Man, those military photos are awesome! The one of the guy dumping water on the person below reminds me of some photos that I need to find again... In Thailand there is a particular day where dumping water on people is considered good luck. If you dump water on them it is a blessing to them. And back during the vietnam war, they dumped a huge bucket of water on a guy and knocked him down. He got up and thanked them afterward.

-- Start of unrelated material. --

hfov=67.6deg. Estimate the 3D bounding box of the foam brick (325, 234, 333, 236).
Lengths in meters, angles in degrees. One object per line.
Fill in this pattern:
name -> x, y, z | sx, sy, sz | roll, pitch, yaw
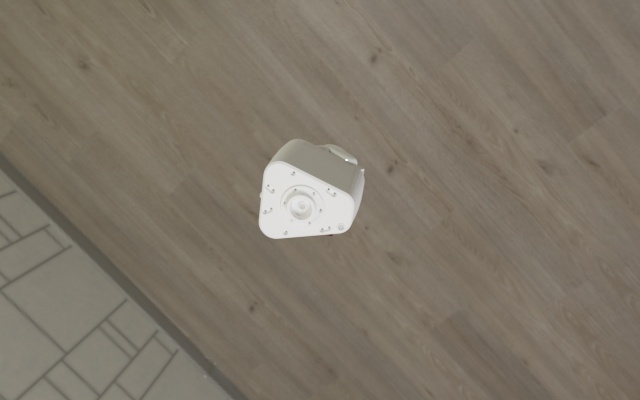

i know the feeling, when we arrived in the philippine islands . the door of the plane opened. i was immediately drenched in sweat, my clothes stuck to my body. they stayed stuck till we left, 2 years later
 
funny stuff

Na.......... that's a good discription of welfare day

Stimulas is when you build a bridge.

hire the engineers and planners
fire up the gravel pit
hire the pile driver
order the piles
fire up the concrete batch plant
order the rebar
hire capenters, and iron workers, crane operators, truck drivers, operators for a multitude of equipment
fire up the black top patch plant

new stores open in town. Walmart, Macdonolds, HD because the locals charge to much.
Need more housing for all the people moving to town
Shortage of workers, everyone gets a raise.
Less people on welfare.
Anybodies guess, how much is taxed allong the way, lowering the actual cost.
 
Na.......... that's a good discription of welfare day

Stimulas is when you build a bridge.

hire the engineers and planners
fire up the gravel pit
hire the pile driver
order the piles
fire up the concrete batch plant
order the rebar
hire capenters, and iron workers, crane operators, truck drivers, operators for a multitude of equipment
fire up the black top patch plant

new stores open in town. Walmart, Macdonolds, HD because the locals charge to much.
Need more housing for all the people moving to town
Shortage of workers, everyone gets a raise.
Less people on welfare.
Anybodies guess, how much is taxed allong the way, lowering the actual cost.






Cont:

Everybody gets excited as the bridge nears completion and the big day is planned the high school band comes out the mayor and council men are there along with the representatives and even the governor and a senator. Everyone is excited and patting each other on the back at the boon the bridge caused the small town to have. Sure it went over budget 250% but this was a shovel ready project and when the Stimulus needed one and so what if the printing presses had to run a few more days to make the extra money, look at all the good it did. Well the speeches get made and the ribbon gets cut and miles and miles of cars cross the bridge for the first time. They all get to the other side and there they are in the new town of “Nowhere”.

Here is the plans of a small scale bridge I’m planning to build

Bridge.jpg
 
My brother (who is now employed) was the only person available and had to man the cashier (even though he is supposed to work in the stock room) and an old lady came up with about $10 in coins. She was hoping it would cover all of her stuff and she apologized for the inconvenience. My brother said it was no problem and was counting up her money. Meanwhile, the guy in line behind her was huffing and puffing and getting all pissed off. The old gray-haired lady then said "Well f******* him. He can wait!" My brother just smiled and completed the transaction. He was rather amused by the old lady talking like that.

Another thing he told me was that once when he was working at Walmart, a little boy walked up and was trying to ask him something but was mumbling too quietly. My brother leaned down and asked "What was that?" and then the kid's mother very loudly came over and yelled "You heard him, boy! Speak up! Talk like ya got some sense!!"